The Montana Farm Bureau Federation, the state’s largest general agricultural organization, has urged the Environmental Protection Association and Army Corps of Engineers to strongly consider the concerns of farmers and ranchers when rewriting the Waters of the U.S. (WOTUS) rule. 

In their submitted comments, MFBF pointed out that the definition of WOTUS is extremely important to their members. 

“Our farmer and rancher members make their living on the land in all 56 counties, raising a variety of crops and livestock. Some have the benefit of irrigation, but others operate on completely dry land farms or ranches that rely on reservoirs to provide water to their livestock. The one thing these folks have in common is that they are all need water in order to raise the food and fiber that fuels this nation and much of the world,” noted MFBF President Hans McPherson in the comments. “Over the years, farmers and ranchers have taken great strides in preserving and conserving one of our most important resources; water.”
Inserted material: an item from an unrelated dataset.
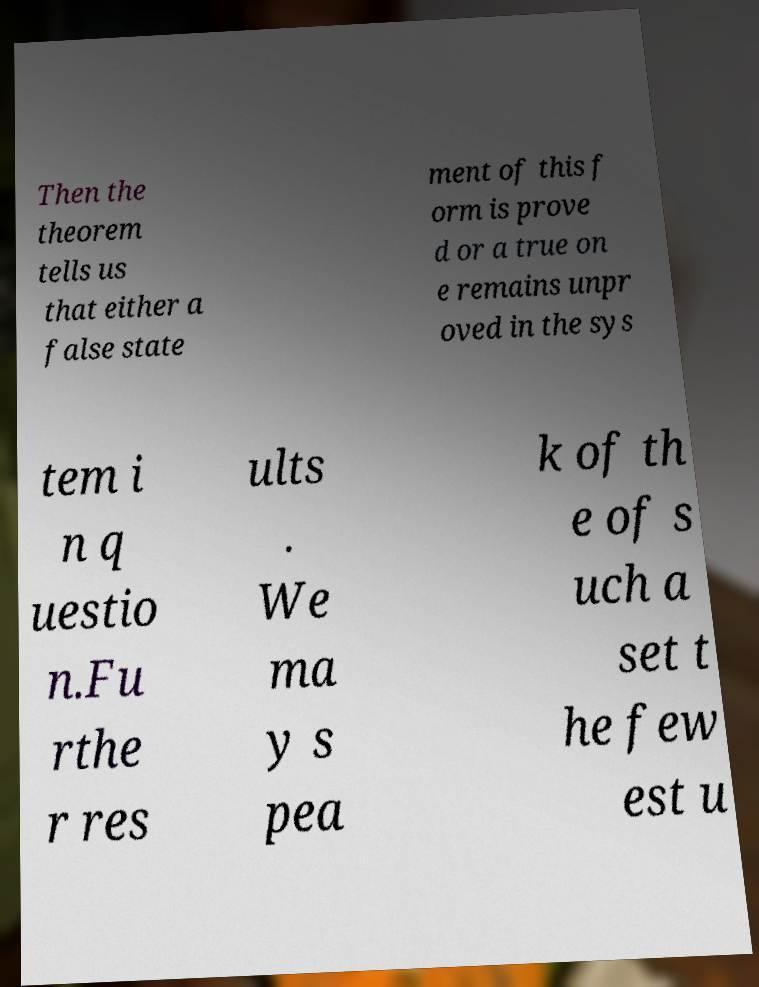Can you accurately transcribe the text from the provided image for me? Then the theorem tells us that either a false state ment of this f orm is prove d or a true on e remains unpr oved in the sys tem i n q uestio n.Fu rthe r res ults . We ma y s pea k of th e of s uch a set t he few est u

McPherson expressed dismay that the EPA and the Corps’ have announced intent to revise the definition of “Waters of the U.S.” by first repealing the Navigable Waters Protection Rule (NWPR) and second, refining the pre-2015 definition of WOTUS. 

“The Navigable Waters Protection Rule was a clear, defensible rule that appropriately balanced the objective, goals, and policies of the Clean Water Act. It provided our farmer and rancher members with the clean water and clear rules that we requested,” noted McPherson. “The Navigable Waters Protection Rule (NWPR) very clearly protects lakes, rivers and streams, the very areas intended for regulation by the Clean Water Act. Most ditches and areas where water sits temporarily are excluded, which is appropriate. This point is especially important in states like Montana because due to our unique and extreme climate, there are low spots in fields and pastures that only hold water for short periods of time, especially during the spring when snow is melting, or in the summer after a hard downpour of rain from a thunderstorm. These spots on the land that are wet for only short periods of time should never be considered jurisdictional.”

MFBF asked that the agencies recognize the burden overreaching regulations place on farmers and ranchers, to respect the statute and not write the term “navigable” out of Clean Water Act regulations. 

“We ask you to remember the importance of cooperative federalism and the fact that where federal regulation ends, state regulation begins,” said McPherson. “In Montana, we have two dedicated agencies working toward the protection of state waters and we believe that because they are close to the people and resources they regulate, they are well equipped to do so, and have a track record of taking their responsibility seriously.”